An essential processing step for mode conversions recorded over azimuthally anisotropic media is separation of the split PS-waves into the fast (PS_{1}) and slow (PS_{2}) modes. Although polarization analysis of 3D PS data is more complicated and less robust than Alford (1986) rotation of split SS-waves, it can provide valuable attributes for fracture characterization (Gaiser, 2000). Dellinger et al. (2002) show how to extend the principle of Alford rotation to wide-azimuth PS-wave surveys and replace stacking of PS_{1} and PS_{2} reflections with an appropriately designed migration.

There is little doubt that moveout and amplitude inversion of multicomponent, multi-azimuth data offers the most realistic hope of estimating the anisotropic parameters of subsurface formations. One of the most promising applications of multicomponent surveys is in providing sensitive attributes for timelapse (4D) seismic methods (Terrell et al., 2002). Despite the significant advances discussed here, much remains to be done in developing robust inversion and processing algorithms capable of handling 3D vector wavefields recorded for a wide range of source-receiver azimuths.

### Seismic Signatures of Fractures

It is believed that about one-third of the world’s hydrocarbon reserves is trapped in fractured formations. Their exploration and development largely relies on information about cracks inferred from seismic waves whose wavelengths are much greater than the crack size. Since such waves are unable to resolve details of the fracture microgeometry, they are sensitive only to the effective or overall properties of fractured media. Until recently, geophysicists had to rely on the theories of either Hudson (1980) or Schoenberg (1980) for calculating these effective elastic properties for a given crack distribution. While designed for the same purpose, the methods of Hudson and Schoenberg are based on different assumptions, make different approximations, and are known to result in different predictions. These differences become especially pronounced for dry (or gasfilled) cracks embedded in sedimentary rocks with a relatively high Poisson’s ratio. The disagreement between the two theories caused serious problems for seismic characterization of naturally fractured reservoirs.

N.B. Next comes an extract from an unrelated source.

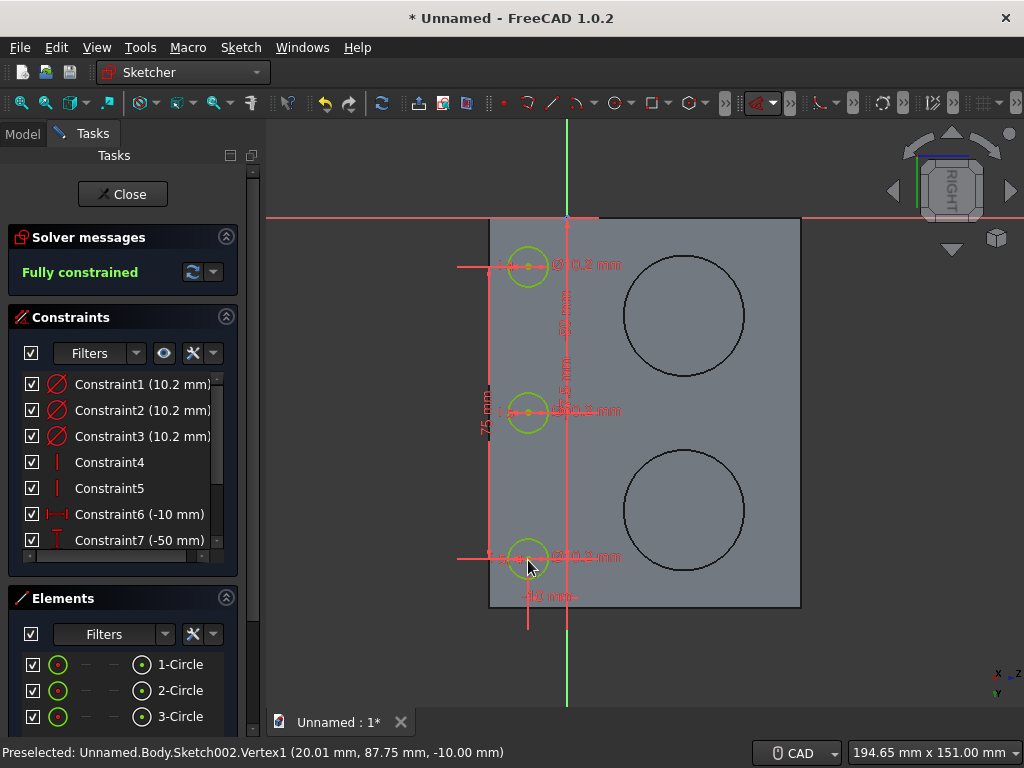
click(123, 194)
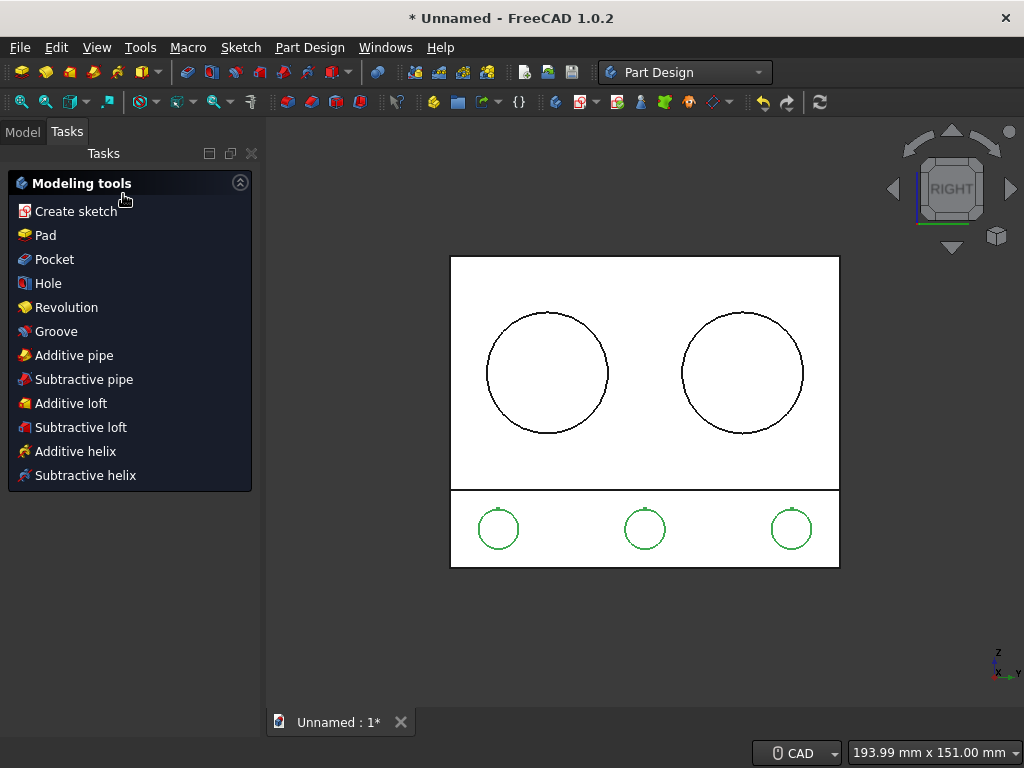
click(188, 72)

The state of the art in this field changed several years ago when advances in both computer software and hardware made feasible direct calculations of the effective properties of so-called “digital" rocks (e.g., Arns et al., 2002; Saenger et al., 2004).

Numerical studies performed to date not only helped to assess the accuracy of existing effective media schemes but also revealed a number of features important for fracture characterization that either went unnoticed or were not sufficiently well understood in the past. The most recent findings can be briefly summarized as follows:

1. The linear-slip theory of Schoenberg is typically more accurate than both of Hudson’s first- and second-order approximations.

2. The irregularity of crack shapes, roughness of their faces, and presence of fracture intersections have little influence on the effective elasticity. This implies, for instance, that low-frequency seismic waves are not sensitive to the difference between interconnected and isolated cracks.

3. If fractures are embedded in otherwise isotropic host rock, the symmetry of the crack-induced anisotropy is close to orthorhombic for any fracture orientations, shapes, and types of infill. Even though this property has been known for many years (Kachanov, 1980), it was only recently used to devise fracture-characterization techniques capable of handling multiple fracture sets (Grechka and Kachanov, 2005).